Last week I wrote about avoiding social media, and I got a lot of responses. But several of you pointed out that your real problem isn’t Twitter-type apps or Instagram. It’s YouTube.
You go there to watch one video about fixing your bike tire, and three hours later you’re watching someone restore a 1987 Nintendo. I get it. YouTube is sneaky that way.
So here’s what works for me.

- Create a watch list. YouTube lets you save videos to custom playlists. When you stumble across something interesting, don’t watch it. Just add it to your watch list and close the tab.
- Schedule your YouTube time. Pick a specific block in your week. Mine’s Friday afternoons. When that time comes, open YouTube and go straight to your watch list. No homepage. No recommendations feed. Just your list.

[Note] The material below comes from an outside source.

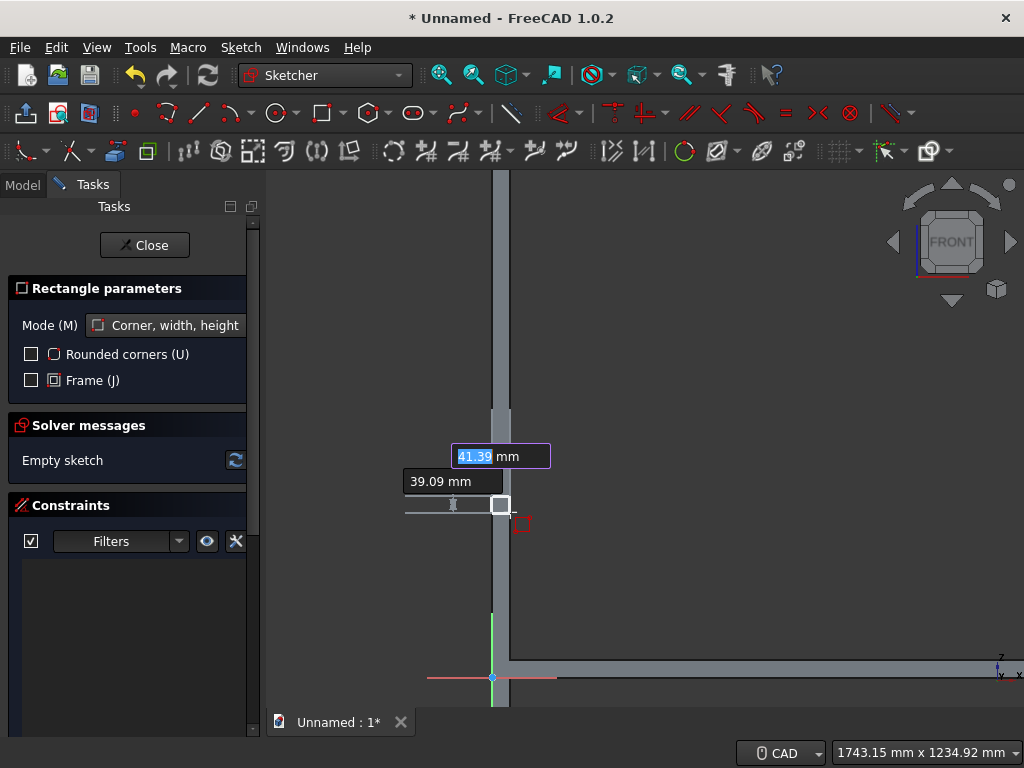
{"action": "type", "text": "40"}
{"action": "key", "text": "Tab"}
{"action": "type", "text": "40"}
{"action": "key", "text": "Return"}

- Use the algorithm, but on your terms. I actually like YouTube’s recommendations. They surface videos I wouldn’t find otherwise. The trick is treating them like suggestions, not commands. See something interesting? Add it to the list. Move on.
- Curate ruthlessly. Before I start watching, I scan my list and delete anything that doesn’t grab me anymore. What seemed interesting on Tuesday might feel skippable by Friday. That’s fine.
This is time boxing in action. You’re not eliminating YouTube. You’re just deciding when and what to watch before you start watching. It turns passive consumption into an active choice.
Does it eliminate the temptation completely? No. Sometimes I still fall down a rabbit hole. But having a system makes those slip-ups rare instead of routine.
The key insight is that YouTube isn’t the problem. The infinite feed is. Your watch list gives you the benefits of YouTube without the trap of endless autoplay.
Give it a try for a week and see what happens.